As regras no colégio Santa Teresinha haviam tornando-se ainda mais severas depois do que foi exposto no que era pra ter sido apenas um trabalho escolar. Uma atividade em grupo revelou atrocidades da escravidão naquela cidade cometidas pelo Padre Paulo Lobo. As primeiras informações teriam vindo dá bisavó de uma delas, que apesar da idade continua sã, de que o verdadeiro terror de Terra Santa era o pároco. Segundo as informações Lobo solicitava aos donos de engenho locais algumas escravizadas como "doação" a igreja. Elas faziam tarefas domésticas na casa paroquial, mas também satisfaziam os desejos carnais e violentos do religioso. Pouquíssimas eram as meninas que sobreviviam, mas foi através dessas sobreviventes que a história espalhou-se pelas senzalas.

O que poucos sabiam na época é que Santa Teresinha Bananal era no interior do sudeste um foco de resistência a escravização. Abolicionistas e escravizados reuniam-se em segredo para conquistar a liberdade e igualdade para todo. Nesse grupo formou-se uma Guarda Negra, jovens guerreiros de diversas etnias colocados juntos pela escravização e que agora lutariam juntos contra ela. As mulheres também organizaram-se nas chamadas Damas Negras, descendentes de rainhas e sacerdotisas africanas. O que dizia-se era que tanto as Damas quanto os integrantes da guarda eram capazes de receber os espíritos de seus ancestrais. Uma das Damas hospedava em seu corpo Makeda, grande rainha ancestral de povos africanos que expulsariam. Era ela quem conduzia a cada uma das outras damas um espírito das vodunsis, sacerdotisas antigas, cujo o objetivo era conferir proteção espiritual a luta dos povos escravizados e punir aqueles que se voltassem contra os filhos da África. Makeda conduzia aos homens da Guarda Negra as almas de guerreiros de várias etnias que simbolizavam ali a superação de todas as rusgas dos povos escravizados em nome da liberdade. Durante essas sessões manifestavam-se também lobos de coloração avermelhada, menores que os lobos europeus e diferente de qualquer cachorro que houvesse na região.

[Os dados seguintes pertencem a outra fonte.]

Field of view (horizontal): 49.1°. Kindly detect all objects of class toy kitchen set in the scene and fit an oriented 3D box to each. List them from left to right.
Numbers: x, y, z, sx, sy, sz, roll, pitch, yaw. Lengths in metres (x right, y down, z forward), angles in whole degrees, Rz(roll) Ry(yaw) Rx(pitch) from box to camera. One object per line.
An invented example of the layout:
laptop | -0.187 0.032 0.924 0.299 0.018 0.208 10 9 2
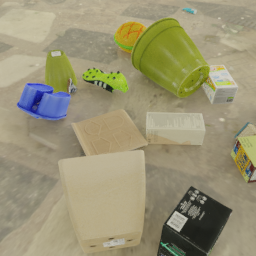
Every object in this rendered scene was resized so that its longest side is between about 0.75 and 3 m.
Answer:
toy kitchen set | 4.932 -0.052 10.474 1.919 1.537 1.131 14 31 -42

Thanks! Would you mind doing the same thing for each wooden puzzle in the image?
wooden puzzle | -0.692 0.305 10.167 2.231 0.516 2.066 -16 47 -21

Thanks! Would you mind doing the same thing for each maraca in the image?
maraca | 0.452 -4.532 14.418 1.907 1.488 2.781 -35 55 -18

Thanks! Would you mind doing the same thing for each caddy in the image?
caddy | -3.106 -0.883 10.471 1.571 1.166 2.222 24 11 4

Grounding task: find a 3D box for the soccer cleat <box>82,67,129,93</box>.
soccer cleat | -1.044 -2.002 12.127 2.462 0.998 0.831 17 59 39

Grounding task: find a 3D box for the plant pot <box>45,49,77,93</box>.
plant pot | -3.066 -2.602 12.378 1.444 1.543 1.444 0 44 0

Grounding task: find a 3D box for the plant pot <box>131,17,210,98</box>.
plant pot | 1.993 -2.776 12.064 2.751 2.751 2.649 -26 62 -24

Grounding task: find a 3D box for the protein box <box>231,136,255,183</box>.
protein box | 4.324 0.977 9.181 1.279 0.863 1.270 -6 45 -6

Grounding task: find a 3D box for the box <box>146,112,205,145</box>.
box | 1.684 0.018 10.215 2.050 0.797 0.973 3 44 3

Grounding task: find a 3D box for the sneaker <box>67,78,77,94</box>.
sneaker | -2.401 -1.842 12.133 0.417 0.769 0.269 -13 51 -30

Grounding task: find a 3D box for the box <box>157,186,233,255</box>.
box | 1.560 2.605 6.839 1.118 1.798 1.336 29 51 26

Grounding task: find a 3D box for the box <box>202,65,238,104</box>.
box | 3.891 -1.907 12.137 0.965 0.869 1.715 -3 44 -5

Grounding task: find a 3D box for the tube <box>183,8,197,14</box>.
tube | 4.126 -7.912 18.782 0.408 0.266 1.054 -21 43 -31

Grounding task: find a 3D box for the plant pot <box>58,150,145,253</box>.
plant pot | -0.557 2.047 7.346 2.176 2.174 1.927 -6 56 -6

Makeda avisava aos brancos dali que só não eram devorados por seus lobos de guerra pois eram marcados como "gwadenya", amigo. Cada um deles carregava um "dirama" uma pequena sacolinha de tecido do qual desconheciam o conteúdo, mas que garantiria que sobre eles a vingança não cairia. Aqueles homens de pele branca não acreditavam em todos aqueles rituais, mas respeitavam aquelas pessoas e carregavam suas "diramas" como símbolo daquela aliança para derrubarem a escravização.

A escola exigiu que os professores desmentissem tudo. Apenas um professor recusou-se, Rael, professor de história que em tempo recorde sofreu um processo disciplinar e a Secretaria de Educação de Bananal o afastou por tempo indeterminado. Rael não era daquela cidade, mas seu pai era nascido e criado ali. Conheceu a mãe numa viagem depois só teve notícias quando o pai morreu. Foi trabalhar lá em busca da própria história.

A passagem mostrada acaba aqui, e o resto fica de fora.